● **YOUR INSTRUCTIONS**:
After locating the line with "Class now: model house." below, output it and each following line exactly, stopping after the line with "- model house (348,451,395,479)". No pictures.

+++ RECORDS SUPPLIED

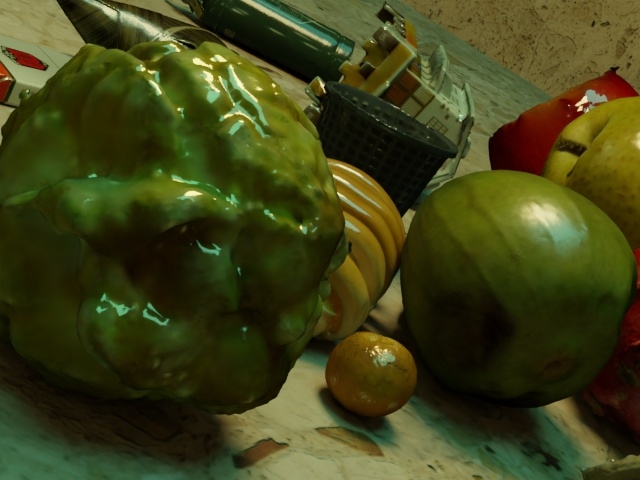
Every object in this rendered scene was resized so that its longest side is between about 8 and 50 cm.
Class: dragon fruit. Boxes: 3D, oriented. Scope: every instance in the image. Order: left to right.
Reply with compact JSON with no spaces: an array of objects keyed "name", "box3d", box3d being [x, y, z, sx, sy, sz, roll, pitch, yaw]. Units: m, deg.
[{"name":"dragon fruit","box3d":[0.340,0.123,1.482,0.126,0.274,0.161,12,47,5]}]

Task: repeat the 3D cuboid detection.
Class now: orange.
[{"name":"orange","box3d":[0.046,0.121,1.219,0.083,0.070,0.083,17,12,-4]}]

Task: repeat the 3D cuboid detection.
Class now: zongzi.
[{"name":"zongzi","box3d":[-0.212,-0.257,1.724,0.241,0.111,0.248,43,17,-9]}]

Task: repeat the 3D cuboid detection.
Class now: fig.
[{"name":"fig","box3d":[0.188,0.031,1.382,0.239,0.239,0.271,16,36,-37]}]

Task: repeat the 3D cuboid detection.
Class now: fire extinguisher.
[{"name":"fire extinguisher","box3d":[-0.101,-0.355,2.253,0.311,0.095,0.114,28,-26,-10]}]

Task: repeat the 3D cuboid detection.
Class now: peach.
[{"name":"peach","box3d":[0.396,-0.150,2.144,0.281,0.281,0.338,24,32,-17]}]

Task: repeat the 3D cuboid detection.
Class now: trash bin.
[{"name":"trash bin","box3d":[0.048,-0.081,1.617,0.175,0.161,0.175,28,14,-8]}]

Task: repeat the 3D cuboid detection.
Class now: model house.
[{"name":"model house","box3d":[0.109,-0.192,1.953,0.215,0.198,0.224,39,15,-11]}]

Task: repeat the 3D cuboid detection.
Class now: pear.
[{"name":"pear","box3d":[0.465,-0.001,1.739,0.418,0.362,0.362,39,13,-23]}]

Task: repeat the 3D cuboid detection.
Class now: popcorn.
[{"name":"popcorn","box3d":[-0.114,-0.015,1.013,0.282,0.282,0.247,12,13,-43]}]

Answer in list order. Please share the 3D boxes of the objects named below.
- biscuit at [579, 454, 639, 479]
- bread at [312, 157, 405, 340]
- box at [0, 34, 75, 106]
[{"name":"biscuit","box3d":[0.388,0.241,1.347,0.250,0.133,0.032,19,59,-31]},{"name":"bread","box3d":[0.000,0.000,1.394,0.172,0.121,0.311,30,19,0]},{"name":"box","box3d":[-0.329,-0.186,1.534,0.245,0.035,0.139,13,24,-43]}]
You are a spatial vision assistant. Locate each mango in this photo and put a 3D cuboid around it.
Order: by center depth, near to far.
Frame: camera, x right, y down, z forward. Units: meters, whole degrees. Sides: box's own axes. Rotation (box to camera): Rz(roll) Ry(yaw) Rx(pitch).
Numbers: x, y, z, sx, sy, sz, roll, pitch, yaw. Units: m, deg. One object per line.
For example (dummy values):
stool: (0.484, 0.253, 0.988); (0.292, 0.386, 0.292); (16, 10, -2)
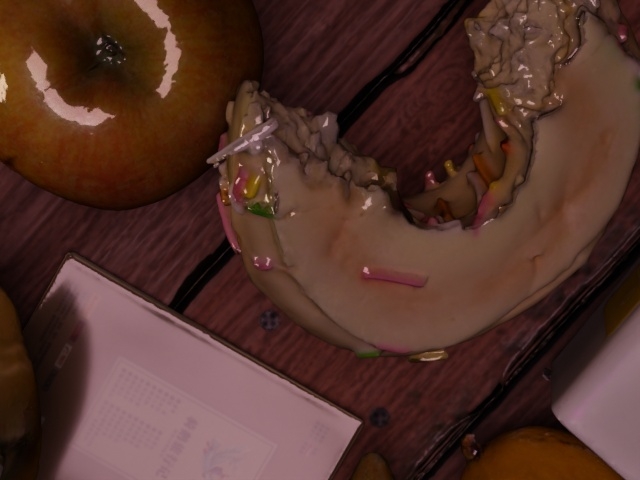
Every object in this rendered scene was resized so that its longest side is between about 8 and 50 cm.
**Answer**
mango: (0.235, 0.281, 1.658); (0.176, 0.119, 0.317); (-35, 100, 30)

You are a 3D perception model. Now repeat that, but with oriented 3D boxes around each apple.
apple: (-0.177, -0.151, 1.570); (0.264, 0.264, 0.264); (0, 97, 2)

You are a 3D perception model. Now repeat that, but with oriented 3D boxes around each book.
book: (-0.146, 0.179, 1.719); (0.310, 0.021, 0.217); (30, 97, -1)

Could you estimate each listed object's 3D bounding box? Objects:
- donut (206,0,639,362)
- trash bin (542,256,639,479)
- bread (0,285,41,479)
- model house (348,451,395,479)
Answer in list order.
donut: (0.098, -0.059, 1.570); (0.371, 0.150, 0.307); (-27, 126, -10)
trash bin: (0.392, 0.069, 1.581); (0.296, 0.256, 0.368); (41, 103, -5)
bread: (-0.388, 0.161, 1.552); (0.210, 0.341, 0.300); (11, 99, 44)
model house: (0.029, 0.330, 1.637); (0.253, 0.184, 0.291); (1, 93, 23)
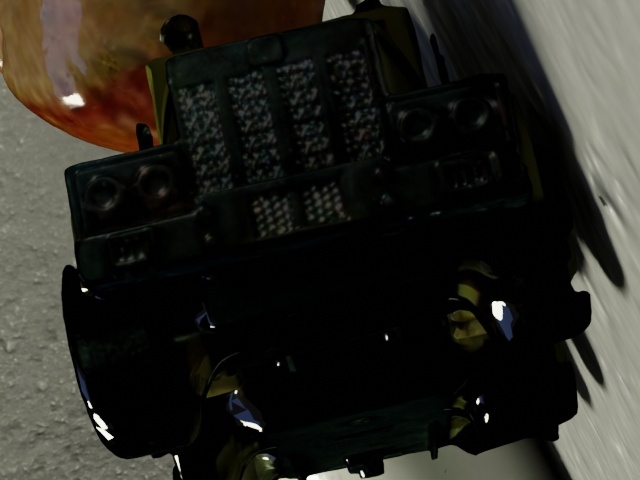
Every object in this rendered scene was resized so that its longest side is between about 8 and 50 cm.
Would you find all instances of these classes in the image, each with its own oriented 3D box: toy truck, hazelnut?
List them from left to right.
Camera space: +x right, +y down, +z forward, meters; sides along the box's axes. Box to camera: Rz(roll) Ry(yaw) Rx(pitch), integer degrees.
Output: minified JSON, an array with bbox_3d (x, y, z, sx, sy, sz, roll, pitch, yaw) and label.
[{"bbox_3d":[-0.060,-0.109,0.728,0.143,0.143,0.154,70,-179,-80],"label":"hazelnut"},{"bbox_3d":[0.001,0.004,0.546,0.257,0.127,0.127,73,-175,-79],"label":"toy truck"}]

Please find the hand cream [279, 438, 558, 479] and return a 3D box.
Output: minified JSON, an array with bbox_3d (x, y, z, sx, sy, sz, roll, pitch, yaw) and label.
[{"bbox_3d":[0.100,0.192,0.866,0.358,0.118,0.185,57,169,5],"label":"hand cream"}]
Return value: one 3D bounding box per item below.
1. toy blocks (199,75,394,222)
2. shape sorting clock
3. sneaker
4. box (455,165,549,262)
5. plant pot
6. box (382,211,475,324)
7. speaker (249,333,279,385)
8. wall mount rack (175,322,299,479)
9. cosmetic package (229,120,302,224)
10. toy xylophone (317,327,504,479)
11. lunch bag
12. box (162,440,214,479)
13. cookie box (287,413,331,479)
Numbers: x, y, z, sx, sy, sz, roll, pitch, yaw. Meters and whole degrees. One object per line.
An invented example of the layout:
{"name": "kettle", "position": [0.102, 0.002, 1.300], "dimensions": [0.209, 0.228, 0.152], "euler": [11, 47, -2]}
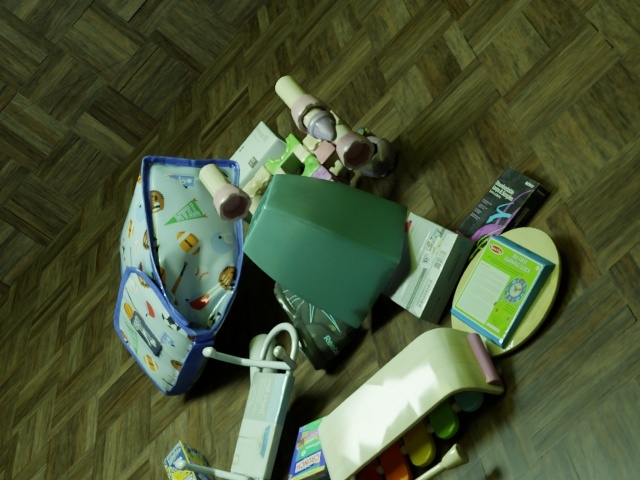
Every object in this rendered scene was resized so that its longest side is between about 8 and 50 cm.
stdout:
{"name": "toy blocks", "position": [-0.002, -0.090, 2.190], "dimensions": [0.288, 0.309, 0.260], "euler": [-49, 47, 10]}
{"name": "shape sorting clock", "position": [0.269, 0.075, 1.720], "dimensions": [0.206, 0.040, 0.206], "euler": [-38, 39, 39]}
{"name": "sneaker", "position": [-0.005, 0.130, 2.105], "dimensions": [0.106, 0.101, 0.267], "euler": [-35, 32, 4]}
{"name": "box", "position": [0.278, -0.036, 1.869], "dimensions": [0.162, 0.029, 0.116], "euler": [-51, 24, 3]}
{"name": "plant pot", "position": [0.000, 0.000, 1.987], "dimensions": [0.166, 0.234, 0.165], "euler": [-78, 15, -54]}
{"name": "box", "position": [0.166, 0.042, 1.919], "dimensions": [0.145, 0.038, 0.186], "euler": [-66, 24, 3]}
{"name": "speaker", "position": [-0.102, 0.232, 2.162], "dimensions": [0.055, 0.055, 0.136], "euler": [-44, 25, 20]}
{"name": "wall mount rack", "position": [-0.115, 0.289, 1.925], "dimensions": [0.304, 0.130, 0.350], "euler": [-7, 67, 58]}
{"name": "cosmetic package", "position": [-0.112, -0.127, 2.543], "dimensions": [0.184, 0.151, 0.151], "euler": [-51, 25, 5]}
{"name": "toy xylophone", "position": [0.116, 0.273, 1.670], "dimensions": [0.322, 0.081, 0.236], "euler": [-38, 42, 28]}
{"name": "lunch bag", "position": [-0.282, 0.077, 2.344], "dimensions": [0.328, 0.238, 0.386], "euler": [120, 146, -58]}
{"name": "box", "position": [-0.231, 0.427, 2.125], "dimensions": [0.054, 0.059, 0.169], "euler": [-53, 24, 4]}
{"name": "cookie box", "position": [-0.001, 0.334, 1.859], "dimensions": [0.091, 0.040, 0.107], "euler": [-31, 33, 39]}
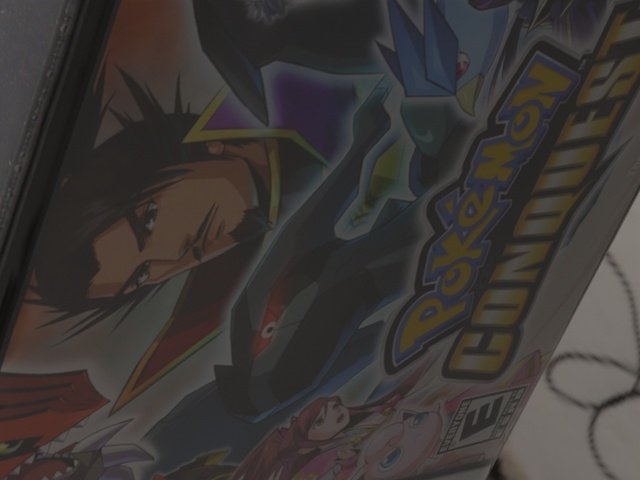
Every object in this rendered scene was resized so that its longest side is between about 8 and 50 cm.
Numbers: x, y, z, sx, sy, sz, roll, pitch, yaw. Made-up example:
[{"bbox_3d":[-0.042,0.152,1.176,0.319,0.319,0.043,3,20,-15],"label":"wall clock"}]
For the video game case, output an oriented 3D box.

++++++

● **PROBLEM SOLUTION**:
Class now: model house.
[{"name":"model house","box3d":[0.109,-0.192,1.953,0.215,0.198,0.224,39,15,-11]}]

Task: repeat the 3D cuboid detection.
Class now: pear.
[{"name":"pear","box3d":[0.465,-0.001,1.739,0.418,0.362,0.362,39,13,-23]}]

Task: repeat the 3D cuboid detection.
Class now: popcorn.
[{"name":"popcorn","box3d":[-0.114,-0.015,1.013,0.282,0.282,0.247,12,13,-43]}]

Answer in list order. Please share the 3D boxes of the objects named below.
- biscuit at [579, 454, 639, 479]
- bread at [312, 157, 405, 340]
- box at [0, 34, 75, 106]
[{"name":"biscuit","box3d":[0.388,0.241,1.347,0.250,0.133,0.032,19,59,-31]},{"name":"bread","box3d":[0.000,0.000,1.394,0.172,0.121,0.311,30,19,0]},{"name":"box","box3d":[-0.329,-0.186,1.534,0.245,0.035,0.139,13,24,-43]}]
You are a spatial vision assistant. Locate each mango in this photo and put a 3D cuboid around it.
Order: by center depth, near to far.
Frame: camera, x right, y down, z forward. Units: meters, whole degrees. Sides: box's own axes. Rotation (box to camera): Rz(roll) Ry(yaw) Rx(pitch).
Numbers: x, y, z, sx, sy, sz, roll, pitch, yaw. Units: m, deg. One object per line.
For example (dummy values):
stool: (0.484, 0.253, 0.988); (0.292, 0.386, 0.292); (16, 10, -2)
Every object in this rendered scene was resized so that its longest side is between about 8 and 50 cm.
**Answer**
mango: (0.235, 0.281, 1.658); (0.176, 0.119, 0.317); (-35, 100, 30)

You are a 3D perception model. Now repeat that, but with oriented 3D boxes around each apple.
apple: (-0.177, -0.151, 1.570); (0.264, 0.264, 0.264); (0, 97, 2)

You are a 3D perception model. Now repeat that, but with oriented 3D boxes around each book.
book: (-0.146, 0.179, 1.719); (0.310, 0.021, 0.217); (30, 97, -1)

Could you estimate each listed object's 3D bounding box? Objects:
- donut (206,0,639,362)
- trash bin (542,256,639,479)
- bread (0,285,41,479)
- model house (348,451,395,479)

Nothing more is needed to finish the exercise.